## [Aim of the exercise]
Reproduce each line of the entries that carries "Wolf".
===== Given records
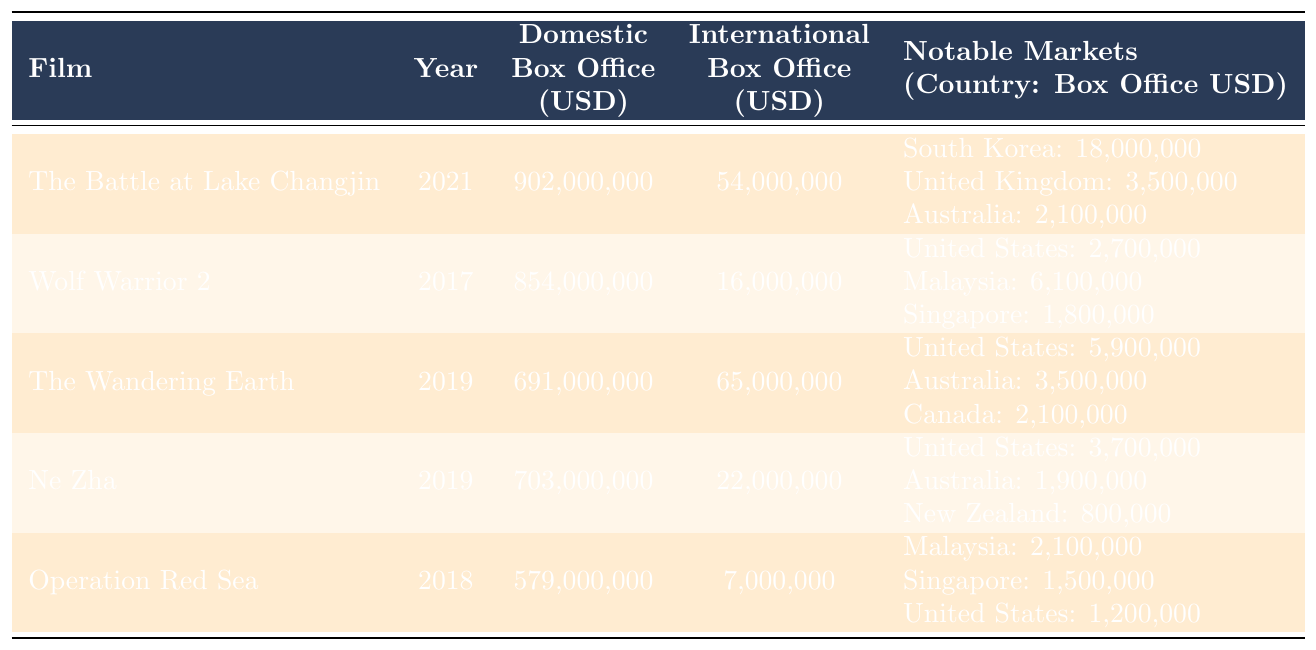What is the domestic box office of "The Battle at Lake Changjin"? The table shows that the domestic box office for "The Battle at Lake Changjin" is listed as 902,000,000 USD.
Answer: 902,000,000 USD Which film had the highest international box office? Looking at the international box office values in the table, "The Wandering Earth" has the highest value at 65,000,000 USD.
Answer: The Wandering Earth What is the total domestic box office of all films listed? Adding up the domestic box office for each film: 902,000,000 + 854,000,000 + 691,000,000 + 703,000,000 + 579,000,000 = 3,729,000,000 USD.
Answer: 3,729,000,000 USD Did "Operation Red Sea" earn more internationally than domestically? The table shows that "Operation Red Sea" earned 7,000,000 USD internationally and 579,000,000 USD domestically, so it did not earn more internationally.
Answer: No What was the combined international box office for "Ne Zha" and "Wolf Warrior 2"? Summing the international box office for "Ne Zha" (22,000,000 USD) and "Wolf Warrior 2" (16,000,000 USD) gives us: 22,000,000 + 16,000,000 = 38,000,000 USD.
Answer: 38,000,000 USD Which country contributed the most to "The Battle at Lake Changjin's" international box office? From the notable markets listed, South Korea contributed 18,000,000 USD, which is the highest among the countries mentioned for this film.
Answer: South Korea What is the average domestic box office among the films from 2017 to 2021? The domestic box office amounts for the films from 2017 to 2021 are: 854,000,000 (Wolf Warrior 2), 579,000,000 (Operation Red Sea), 691,000,000 (The Wandering Earth), 703,000,000 (Ne Zha), and 902,000,000 (The Battle at Lake Changjin). The average is calculated as follows: (854,000,000 + 579,000,000 + 691,000,000 + 703,000,000 + 902,000,000) / 5 = 745,000,000 USD.
Answer: 745,000,000 USD Which film had a higher international box office, "The Wandering Earth" or "Ne Zha"? The table indicates that "The Wandering Earth" had an international box office of 65,000,000 USD, while "Ne Zha" had 22,000,000 USD, therefore "The Wandering Earth" had the higher international box office.
Answer: The Wandering Earth What percentage of the total international box office does "Operation Red Sea" represent? The total international box office for all films is 54,000,000 (The Battle at Lake Changjin) + 16,000,000 (Wolf Warrior 2) + 65,000,000 (The Wandering Earth) + 22,000,000 (Ne Zha) + 7,000,000 (Operation Red Sea) = 164,000,000 USD. Since "Operation Red Sea" earned 7,000,000 USD, its percentage is (7,000,000 / 164,000,000) * 100 ≈ 4.27%.
Answer: Approximately 4.27% Which film released in 2019 generated the most domestic revenue? "The Wandering Earth" with 691,000,000 USD in domestic box office revenue surpasses "Ne Zha," which made 703,000,000 USD.
Answer: Ne Zha
==========
## [Exercise output]
Answer: No What was the combined international box office for "Ne Zha" and "Wolf Warrior 2"? Summing the international box office for "Ne Zha" (22,000,000 USD) and "Wolf Warrior 2" (16,000,000 USD) gives us: 22,000,000 + 16,000,000 = 38,000,000 USD.
Answer: South Korea What is the average domestic box office among the films from 2017 to 2021? The domestic box office amounts for the films from 2017 to 2021 are: 854,000,000 (Wolf Warrior 2), 579,000,000 (Operation Red Sea), 691,000,000 (The Wandering Earth), 703,000,000 (Ne Zha), and 902,000,000 (The Battle at Lake Changjin). The average is calculated as follows: (854,000,000 + 579,000,000 + 691,000,000 + 703,000,000 + 902,000,000) / 5 = 745,000,000 USD.
Answer: The Wandering Earth What percentage of the total international box office does "Operation Red Sea" represent? The total international box office for all films is 54,000,000 (The Battle at Lake Changjin) + 16,000,000 (Wolf Warrior 2) + 65,000,000 (The Wandering Earth) + 22,000,000 (Ne Zha) + 7,000,000 (Operation Red Sea) = 164,000,000 USD. Since "Operation Red Sea" earned 7,000,000 USD, its percentage is (7,000,000 / 164,000,000) * 100 ≈ 4.27%.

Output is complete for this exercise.